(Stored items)

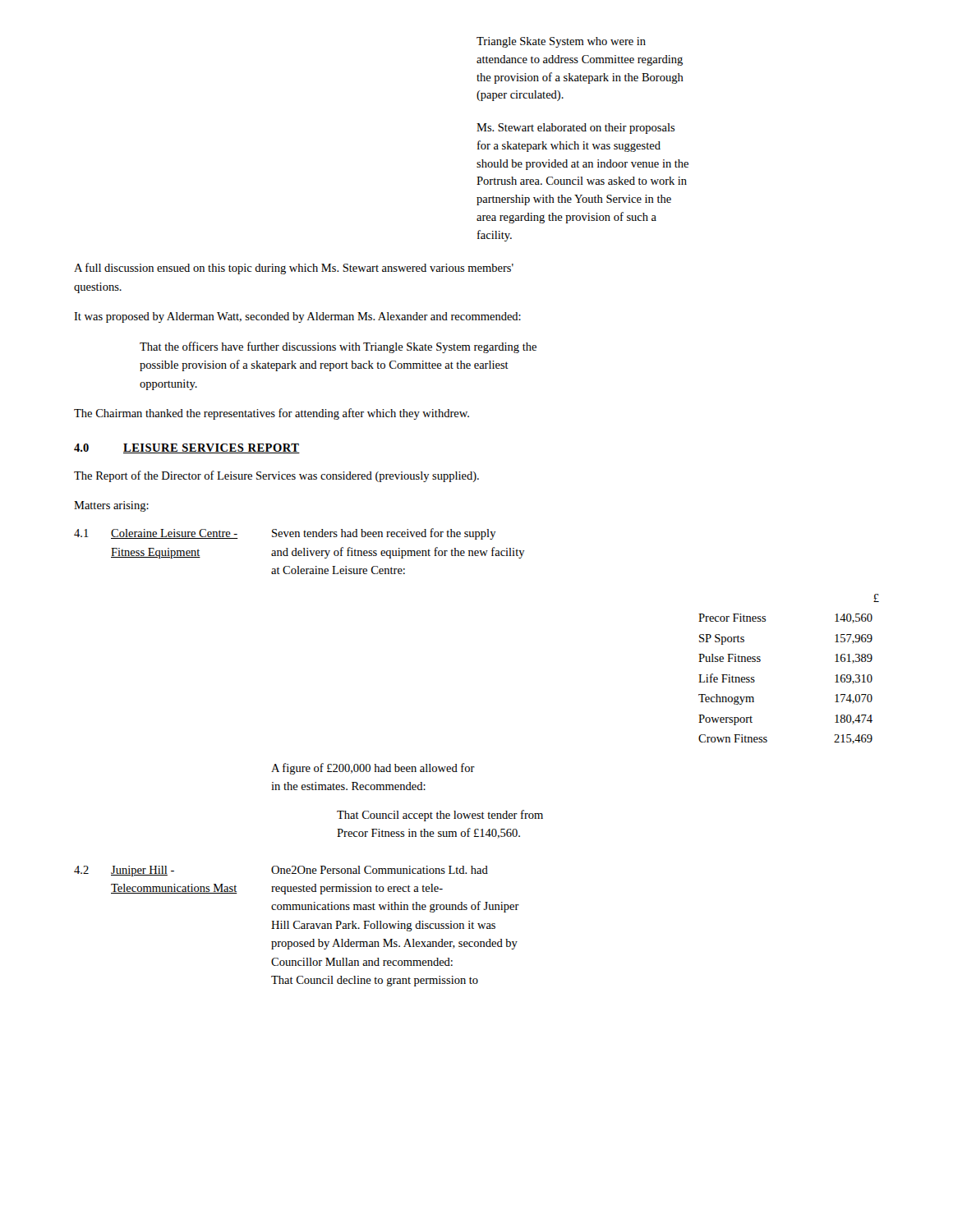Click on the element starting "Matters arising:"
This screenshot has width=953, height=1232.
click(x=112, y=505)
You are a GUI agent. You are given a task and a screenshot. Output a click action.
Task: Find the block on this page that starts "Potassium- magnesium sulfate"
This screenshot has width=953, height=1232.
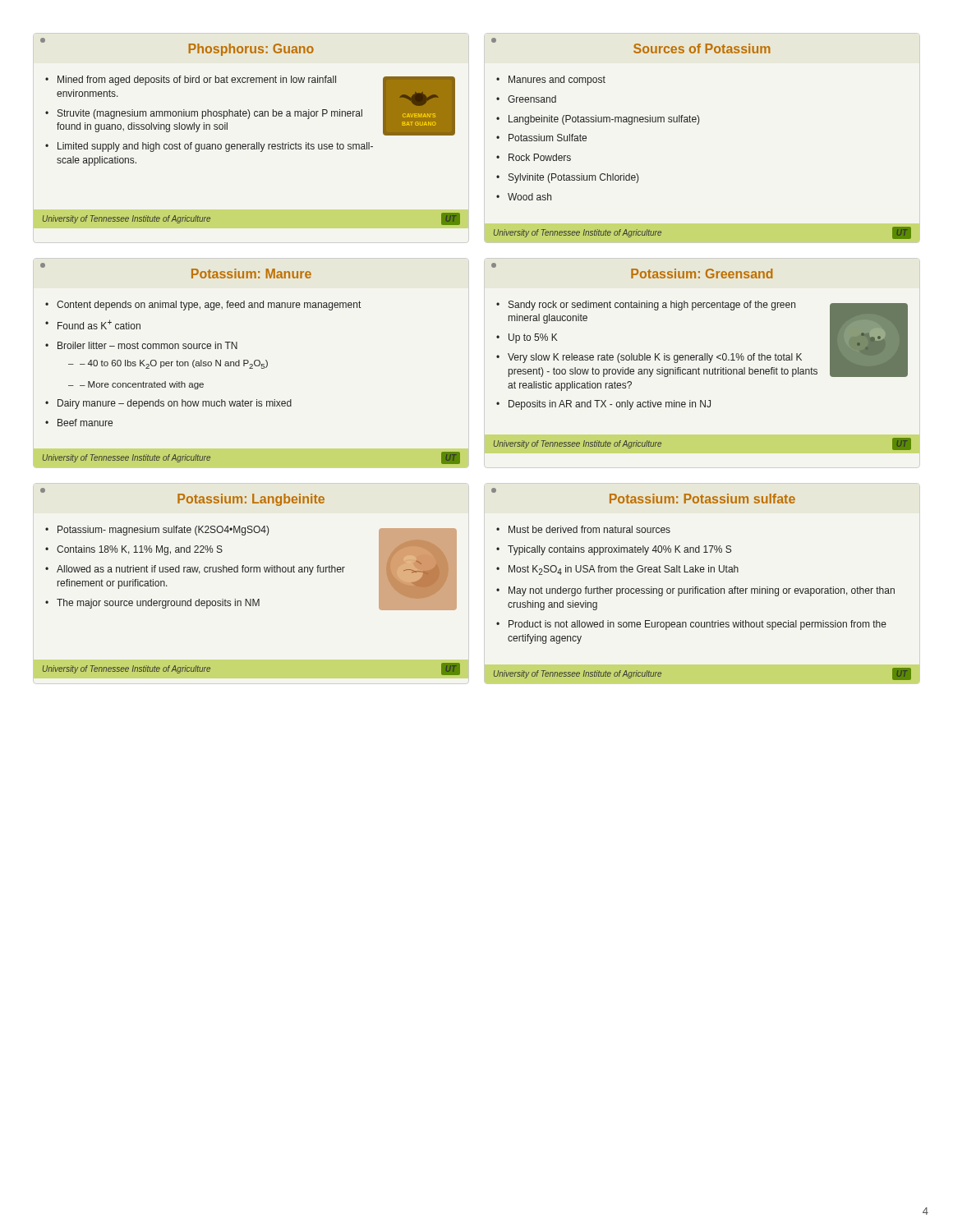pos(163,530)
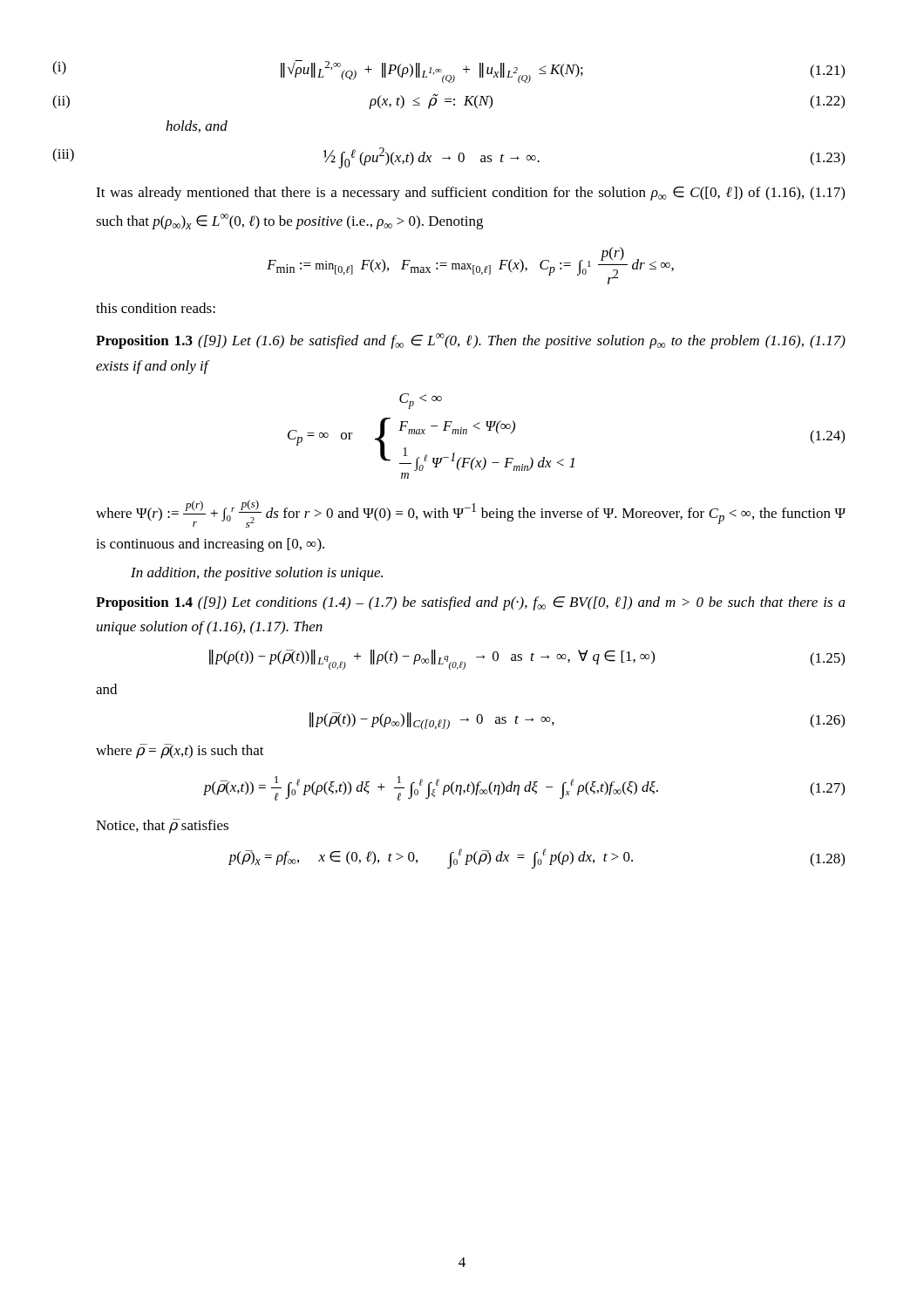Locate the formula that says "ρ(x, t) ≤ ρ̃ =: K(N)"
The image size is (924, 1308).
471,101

§ WHAT IS REQUIRED: From the line containing "You are a GUI" down to the end of the data above, reproduce each line exactly; no pictures.

§ SOLUTION TO THE EXERCISE:
You are a GUI agent. You are given a task and a screenshot. Output a click action.
Task: Find the block on this page that starts "Potassium- magnesium sulfate"
This screenshot has width=953, height=1232.
pos(163,530)
Locate the formula that says "ρ(x, t) ≤ ρ̃ =: K(N)"
The image size is (924, 1308).
471,101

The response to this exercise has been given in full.